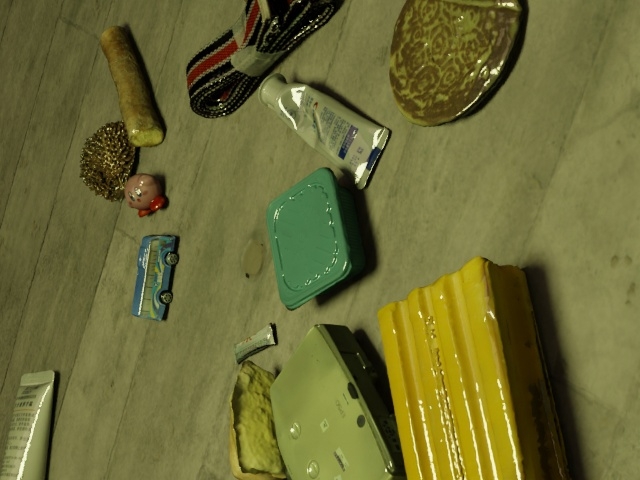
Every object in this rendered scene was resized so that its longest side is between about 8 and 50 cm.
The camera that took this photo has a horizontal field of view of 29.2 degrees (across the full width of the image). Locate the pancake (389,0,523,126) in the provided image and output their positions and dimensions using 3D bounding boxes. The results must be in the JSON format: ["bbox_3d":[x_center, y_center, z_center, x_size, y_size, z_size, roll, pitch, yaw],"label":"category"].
[{"bbox_3d":[0.172,-0.270,1.667,0.250,0.031,0.250,-16,69,49],"label":"pancake"}]

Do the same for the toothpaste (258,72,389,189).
[{"bbox_3d":[0.003,-0.175,1.853,0.266,0.061,0.096,38,111,41],"label":"toothpaste"}]

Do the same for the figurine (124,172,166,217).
[{"bbox_3d":[-0.321,-0.086,2.225,0.083,0.071,0.067,-29,19,36],"label":"figurine"}]

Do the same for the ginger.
[{"bbox_3d":[-0.096,0.283,1.840,0.122,0.115,0.193,122,151,-50],"label":"ginger"}]

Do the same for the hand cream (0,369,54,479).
[{"bbox_3d":[-0.590,0.414,2.446,0.139,0.089,0.314,-9,71,49],"label":"hand cream"}]

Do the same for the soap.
[{"bbox_3d":[0.187,0.202,1.494,0.204,0.096,0.324,-32,59,45],"label":"soap"}]

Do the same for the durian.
[{"bbox_3d":[-0.407,-0.145,2.328,0.148,0.091,0.188,-48,50,35],"label":"durian"}]

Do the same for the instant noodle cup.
[{"bbox_3d":[0.000,0.000,1.798,0.157,0.070,0.179,-34,57,42],"label":"instant noodle cup"}]

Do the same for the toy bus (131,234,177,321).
[{"bbox_3d":[-0.292,0.064,2.162,0.051,0.061,0.153,8,90,57],"label":"toy bus"}]

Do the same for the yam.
[{"bbox_3d":[-0.360,-0.296,2.326,0.066,0.066,0.300,-49,46,34],"label":"yam"}]

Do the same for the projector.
[{"bbox_3d":[0.028,0.268,1.689,0.193,0.088,0.269,-56,43,30],"label":"projector"}]

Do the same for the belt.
[{"bbox_3d":[-0.108,-0.318,1.973,0.359,0.126,0.094,-39,63,48],"label":"belt"}]

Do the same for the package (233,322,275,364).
[{"bbox_3d":[-0.107,0.164,1.940,0.110,0.015,0.037,-30,59,43],"label":"package"}]
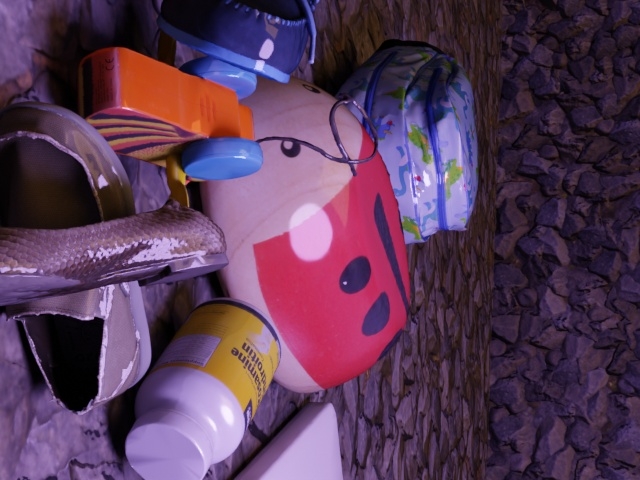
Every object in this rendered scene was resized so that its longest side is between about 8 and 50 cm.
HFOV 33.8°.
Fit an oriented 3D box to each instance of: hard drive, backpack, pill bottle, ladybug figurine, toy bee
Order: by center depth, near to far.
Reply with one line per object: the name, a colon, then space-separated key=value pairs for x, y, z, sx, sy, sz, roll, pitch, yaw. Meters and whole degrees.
toy bee: x=-0.112 y=-0.084 z=0.950 sx=0.298 sy=0.162 sz=0.195 roll=33 pitch=55 yaw=-35
pill bottle: x=-0.108 y=0.140 z=0.964 sx=0.184 sy=0.103 sz=0.103 roll=-62 pitch=145 yaw=-57
ladybug figurine: x=0.000 y=0.000 z=1.210 sx=0.449 sy=0.161 sz=0.305 roll=68 pitch=27 yaw=-46
hard drive: x=-0.044 y=0.355 z=1.216 sx=0.353 sy=0.047 sz=0.233 roll=-30 pitch=116 yaw=-69
backpack: x=0.117 y=-0.126 z=1.495 sx=0.355 sy=0.273 sz=0.290 roll=-27 pitch=119 yaw=-58

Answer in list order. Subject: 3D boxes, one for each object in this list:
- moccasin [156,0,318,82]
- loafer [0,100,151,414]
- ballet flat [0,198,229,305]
moccasin: x=-0.065 y=-0.222 z=0.894 sx=0.117 sy=0.137 sz=0.342 roll=-63 pitch=-166 yaw=16
loafer: x=-0.183 y=0.022 z=0.767 sx=0.087 sy=0.094 sz=0.251 roll=-69 pitch=151 yaw=-59
ballet flat: x=-0.163 y=0.004 z=0.689 sx=0.249 sy=0.084 sz=0.058 roll=-6 pitch=80 yaw=-44

———

• [THE PROBLEM]: Every line in the data that holds the string "each" should be returned.

• [OUTPUT OF THE TASK]:
Fit an oriented 3D box to each instance of: hard drive, backpack, pill bottle, ladybug figurine, toy bee
Answer in list order. Subject: 3D boxes, one for each object in this list:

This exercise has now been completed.